A judge ruled Friday that members of the DeKalb County Board of Ethics shouldn’t have been appointed by private organizations, a decision that likely cripples the board.
DeKalb Superior Court Judge Asha Jackson’s order found that the Board of Ethics should have been chosen by elected government officials, not by outside groups like the DeKalb Bar Association and the DeKalb Chamber of Commerce.
The decision is a victory for former DeKalb Commissioner Sharon Barnes Sutton, who sued the Board of Ethics as she was facing complaints about her spending.
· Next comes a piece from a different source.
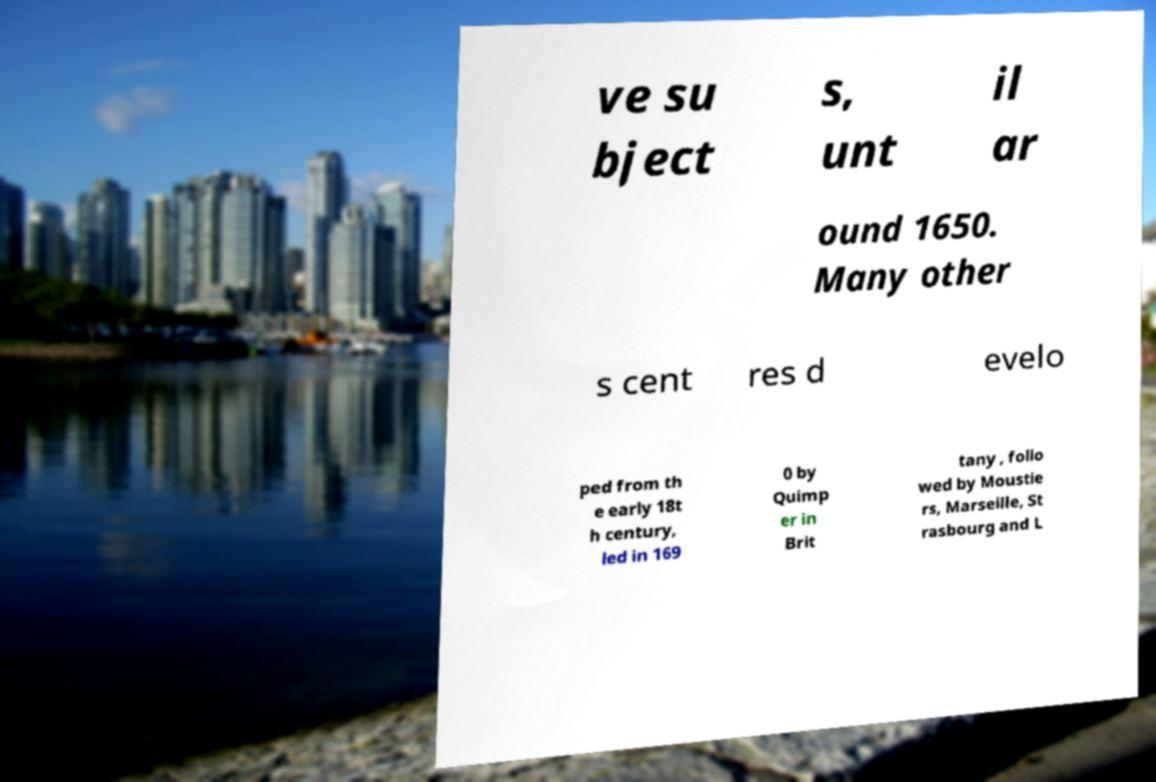Please identify and transcribe the text found in this image. ve su bject s, unt il ar ound 1650. Many other s cent res d evelo ped from th e early 18t h century, led in 169 0 by Quimp er in Brit tany , follo wed by Moustie rs, Marseille, St rasbourg and L 
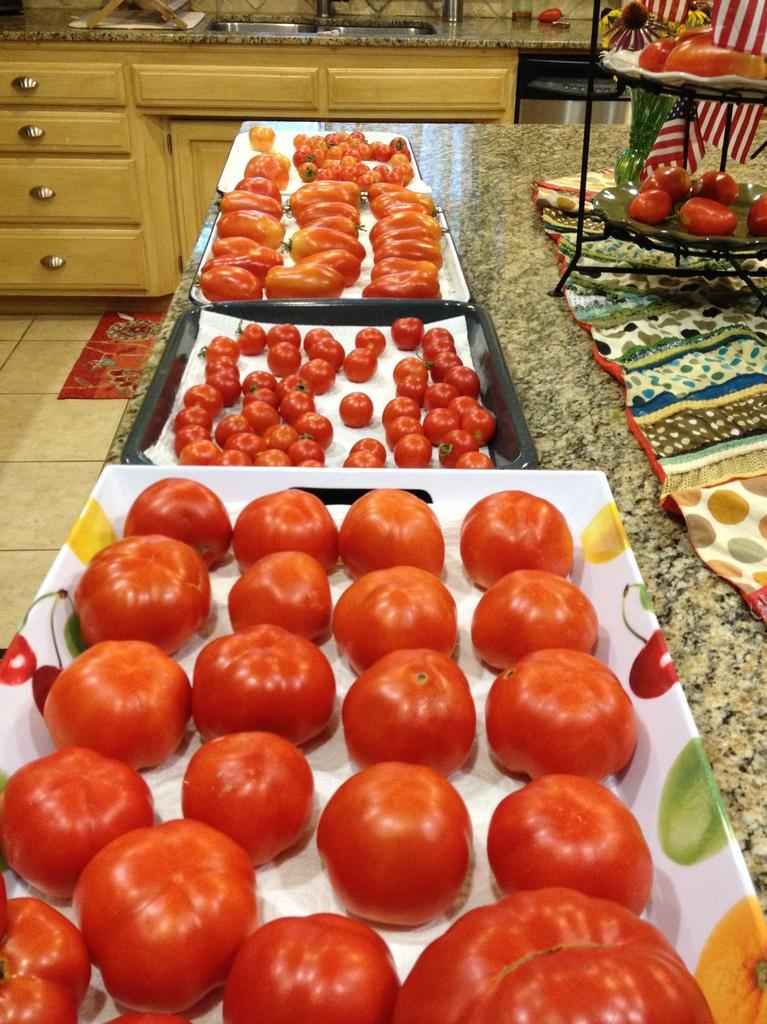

She has said all her spending was for legitimate government purposes.
“To pass constitutional muster, it would seem that there should be an accountable governmental entity that would provide final approval to those seated to serve on the board,” Jackson wrote.
Sutton said the decision shows that an overhaul to the Board of Ethics to make it more independent should have been more thoroughly vetted.
“This shows that when reasonable people stand up for what’s right, you win sometimes,” Sutton said.
The DeKalb Board of Ethics was restructured in 2015 to remove its appointments from the DeKalb Commission and CEO, whose behavior is monitored by the board.
About 92 percent of voters supported the changes, which made four of the board’s members picked by non-governmental groups, two by judges and one by the county’s state legislative delegation.
An attorney for the DeKalb Board of Ethics said an appeal is possible.